Everything has an ebb and flow

Inspiration, motivation, optimism, creativity…for me, they all wax and wane. Had I quit this project at the first sign of disinterest I wouldn’t have made it very far. Curiosity of what I might make when I didn’t want to make anything at all drove me to keep going. What has happened is I’ve learned to ride the wave. When I’m feeling creative and inspired, I make sure to embrace it and enjoy it. When I feel discouraged and disconnected I try to not beat myself up over it and remember that it will pass. And sometimes the act of creating anyways, no matter how I feel about it, is exactly what I needed to snap me out of my funk.

I often look to the sky when not sure what to photograph.
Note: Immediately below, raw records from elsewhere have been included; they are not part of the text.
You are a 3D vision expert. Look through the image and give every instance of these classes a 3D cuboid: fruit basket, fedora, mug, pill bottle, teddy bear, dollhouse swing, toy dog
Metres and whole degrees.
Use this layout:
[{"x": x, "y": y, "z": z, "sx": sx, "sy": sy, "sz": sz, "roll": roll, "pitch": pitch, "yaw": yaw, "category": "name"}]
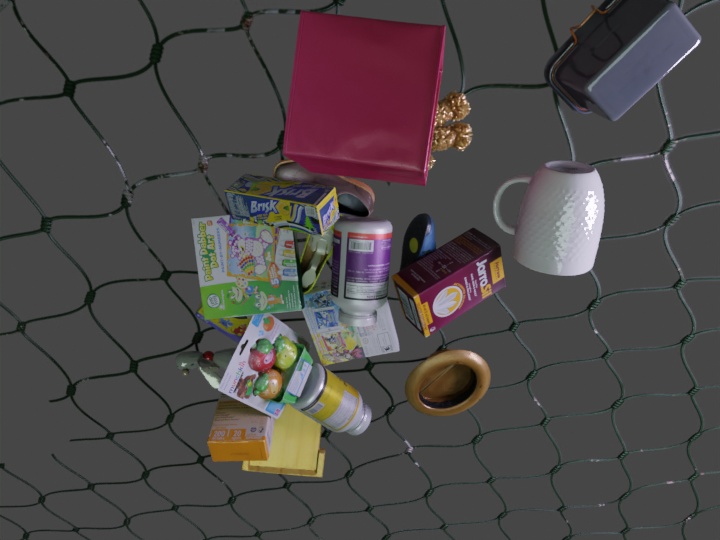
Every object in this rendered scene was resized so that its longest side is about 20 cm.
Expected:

Making a habit easy makes it more possible

I always, always have a camera within arm’s reach. I also have a very streamlined workflow that allows me to download, edit, and backup my images quickly. Without creating this ease for myself, this daily practice would be so much more difficult to stick with. I feel like that is such a crucial lesson for any other goal I may want to pursue in the future.

Having a record of how we spend our days is priceless

Whether it be in photos, writing, drawing, or otherwise, having a daily record of how we spend our days is a treasure that you can’t put a price on. Whether it be for practical purposes (I’m always referencing historical photos to jog my memory) or to see my life reflected back to me, documenting my life daily shows me how I’m spending my time, what I’m paying attention to, and causes me to make sure my actions are aligning with my values.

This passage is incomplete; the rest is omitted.